Walk-Forward Validation (Rolling Origin)
The gold standard for time series. Train on expanding/rolling window, test on next period:
from sklearn.model_selection import TimeSeriesSplit
def walk_forward_validation(series, model, n_splits=5):
tscv = TimeSeriesSplit(n_splits=n_splits)
scores = []
for train_idx, test_idx in tscv.split(series):
train, test = series[train_idx], series[test_idx]
# Train model
model.fit(train)
# Predict and evaluate
predictions = model.predict(len(test))
score = evaluate(test, predictions)
scores.append(score)
return np.mean(scores), np.std(scores)
┌─────────────────────────────────────────────────────────────────────────┐
│ WALK-FORWARD VALIDATION │
├─────────────────────────────────────────────────────────────────────────┤
│ │
│ Time → │
│ ────────────────────────────────────────────────────────────────────── │
│ │
│ Fold 1: [TRAIN════════] [TEST] │
│ Fold 2: [TRAIN════════════════] [TEST] │
│ Fold 3: [TRAIN════════════════════════] [TEST] │
│ Fold 4: [TRAIN════════════════════════════════] [TEST] │
│ Fold 5: [TRAIN════════════════════════════════════════] [TEST] │
│ │
│ Each fold: Train on all prior data, test on next period │
│ Never use future data to predict past │
│ │
└─────────────────────────────────────────────────────────────────────────┘
Adding a Gap (Embargo Period)
Prevent information leakage from recent observations:
def walk_forward_with_gap(series, gap=7):
"""Gap between train end and test start"""
# If predicting weekly, gap=7 prevents day-of-week leakage
...
Expanding vs Rolling Window
Expanding window: Train set grows with each fold (more data) Rolling window: Fixed-size train set slides forward (handles non-stationarity)
# Rolling window
tscv = TimeSeriesSplit(n_splits=5, max_train_size=365*3) # Max 3 years
Hyperparameter Tuning
Key hyperparameters for time series deep learning models:
Lookback Window (Context Length)
How much history the model sees:
- Too short: Misses seasonal patterns
- Too long: Noise, computational cost, vanishing gradients
Rule of thumb: At least 2-3x the longest seasonality period.
# If data has yearly seasonality (365 days)
lookback = 365 * 2 # ~2 years of history
# For foundation models
# Chronos: Up to 4096 tokens
# TimesFM: Up to 2048 points
# TiRex: Variable, designed for long context
Forecast Horizon
How far ahead to predict:
- Longer horizons → harder, more uncertainty
- Match to business needs
Learning Rate
Most important hyperparameter:
- Too high: Divergence, oscillation
- Too low: Slow convergence, stuck in local minima
Recommendations:
- Start with 1e-3 to 1e-4 for Adam
- Use learning rate schedulers (cosine, reduce-on-plateau)

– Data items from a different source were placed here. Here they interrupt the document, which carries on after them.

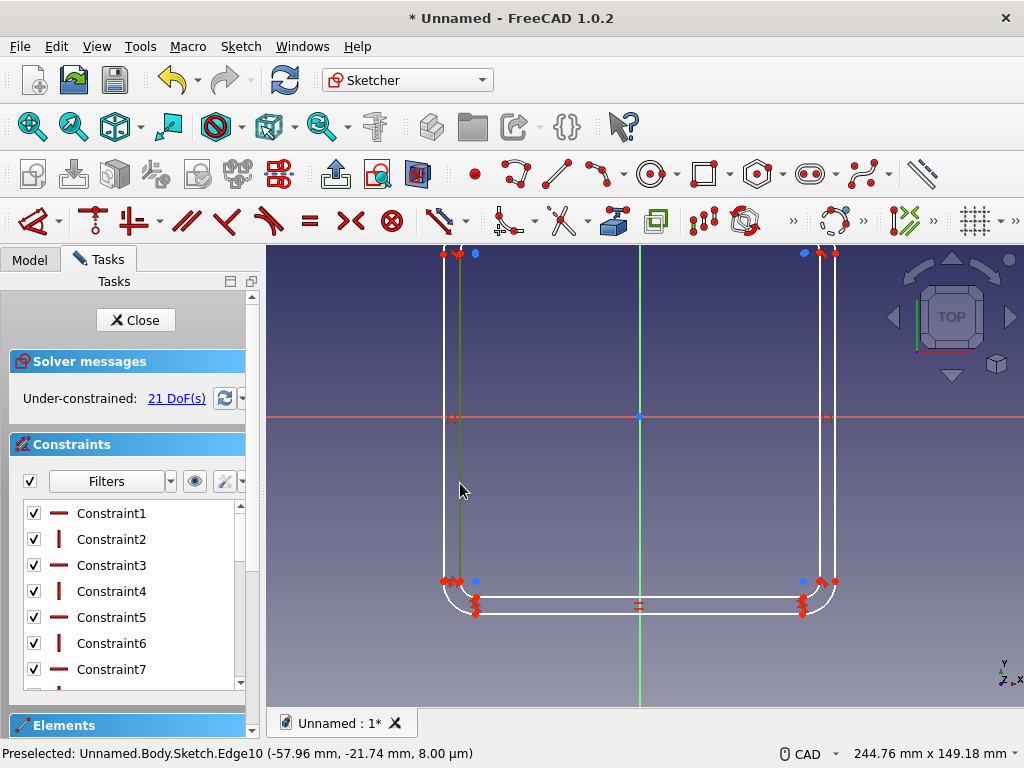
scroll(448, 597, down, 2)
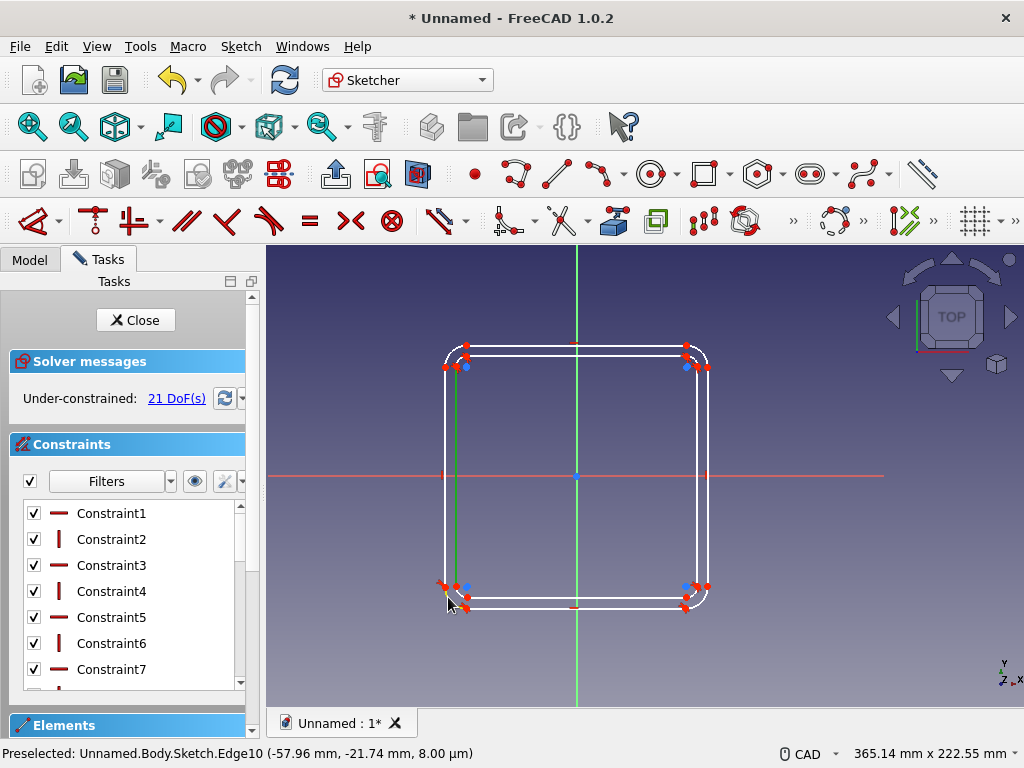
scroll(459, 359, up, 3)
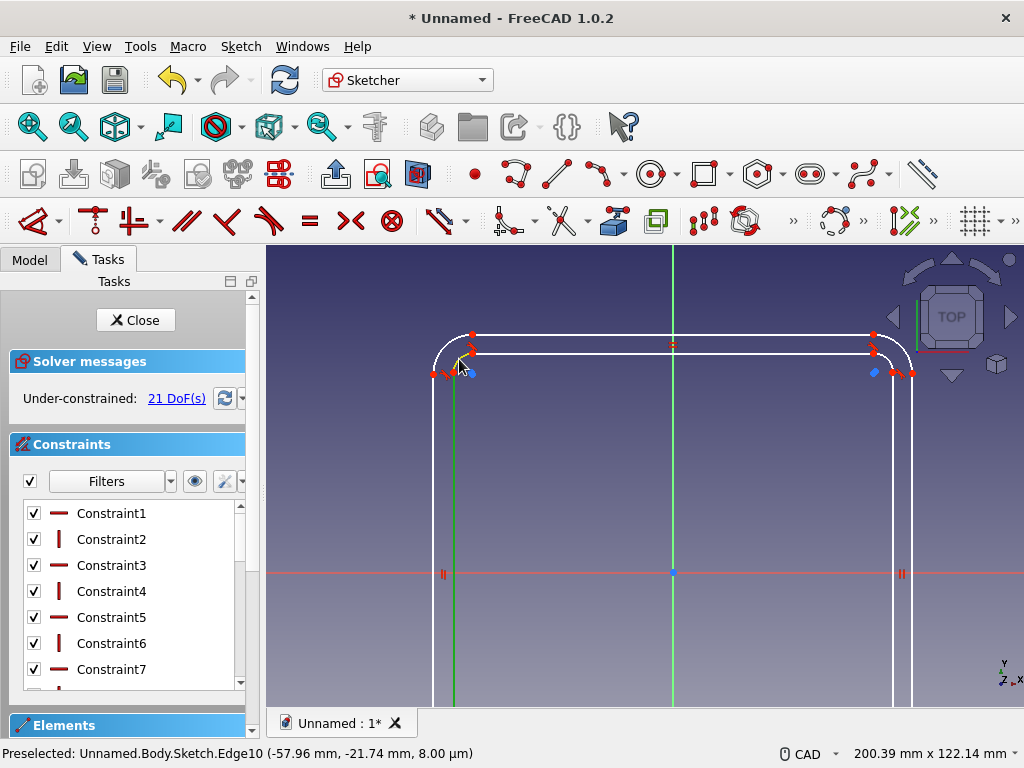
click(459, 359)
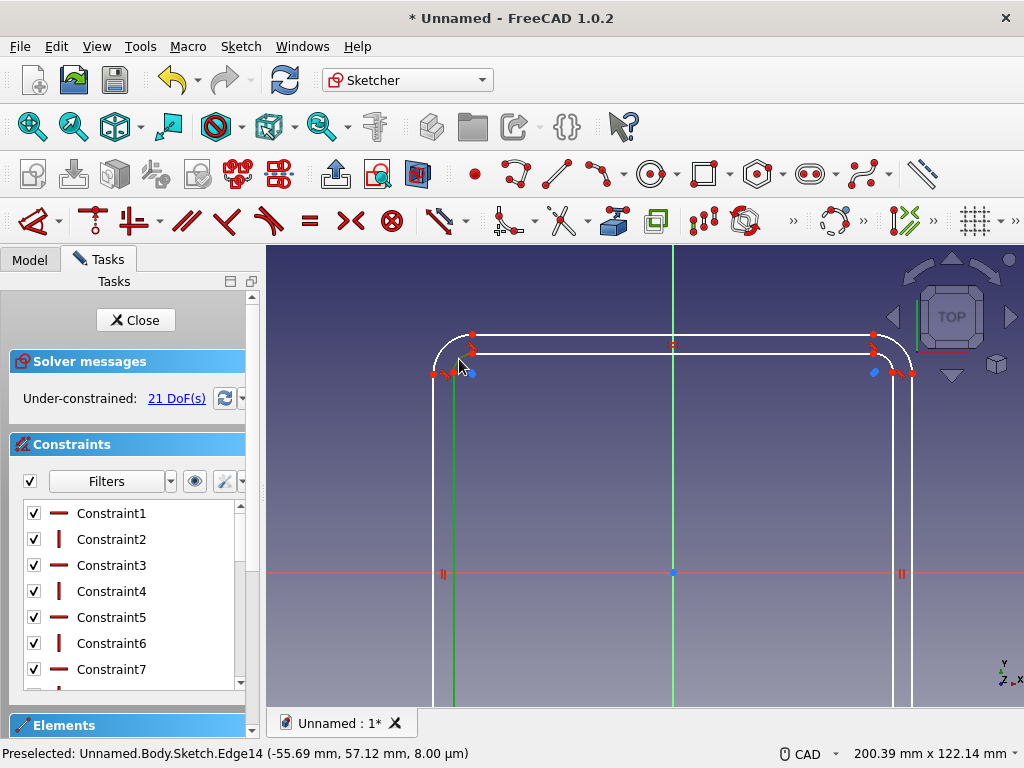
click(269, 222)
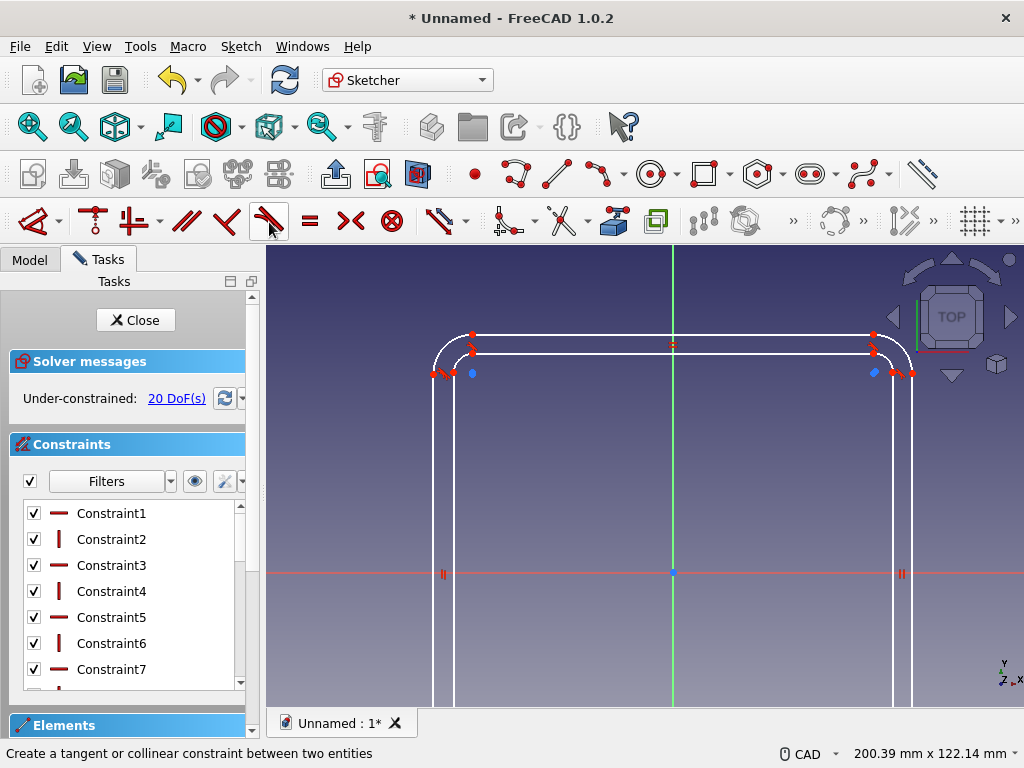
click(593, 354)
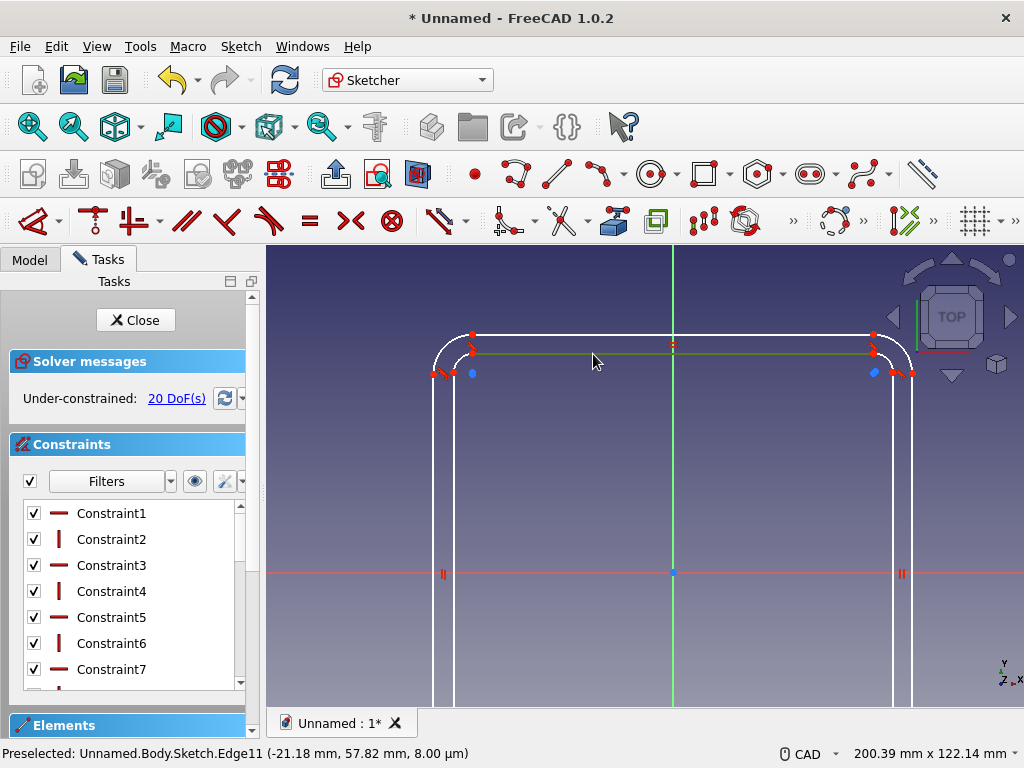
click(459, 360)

- Linear scaling rule: When batch size × k, learning rate × k
# Learning rate scheduling
scheduler = torch.optim.lr_scheduler.CosineAnnealingLR(
optimizer, T_max=num_epochs, eta_min=1e-6
)
# Or reduce on plateau
scheduler = torch.optim.lr_scheduler.ReduceLROnPlateau(
optimizer, mode='min', factor=0.5, patience=10
)
Batch Size
- Smaller (16-64): More noise, better generalization, slower
- Larger (128-512): Stable gradients, faster, may overfit
For time series: Research suggests optimal batch size may correlate with data periodicity (use FFT to find dominant frequencies).
# Typical starting points
batch_size = 32 # Good default
# Increase if training is stable, decrease if loss is noisy
Model-Specific Hyperparameters
LSTM/GRU:
- Hidden size: 64-512
- Number of layers: 1-3
- Dropout: 0.1-0.3
Transformer:
- d_model: 64-512
- n_heads: 4-8
- n_layers: 2-6
- Patch size: 8-64
N-BEATS:
- Stack types: [trend, seasonality] or [generic]
- Blocks per stack: 3-5
- Layer width: 256-512
Fine-Tuning Foundation Models
Foundation models work zero-shot, but fine-tuning can significantly improve domain-specific performance.
When to Fine-Tune
Fine-tune when:
- Your domain has unique patterns not in pretraining data
- You have sufficient domain data (1000+ series or 100K+ points)
- Zero-shot performance is good but not good enough
- Computational resources available
Don't fine-tune when:
- Very limited data (risk of overfitting)
- Zero-shot already meets requirements
- Need rapid deployment
Fine-Tuning Strategies
Full Fine-Tuning
Update all model weights:
# Load pretrained model
model = ChronosModel.from_pretrained("amazon/chronos-t5-base")
# Unfreeze all parameters
for param in model.parameters():
param.requires_grad = True
# Train with lower learning rate
optimizer = torch.optim.AdamW(model.parameters(), lr=1e-5) # 10x lower than pretraining
Pros: Maximum adaptation Cons: Needs more data, risk of catastrophic forgetting
Adapter-Based Fine-Tuning (PEFT)
Add small trainable modules, freeze pretrained weights:
from peft import get_peft_model, LoraConfig
# Add LoRA adapters
lora_config = LoraConfig(
r=8, # Rank
lora_alpha=32,
target_modules=["q_proj", "v_proj"],
lora_dropout=0.1,
)
model = get_peft_model(base_model, lora_config)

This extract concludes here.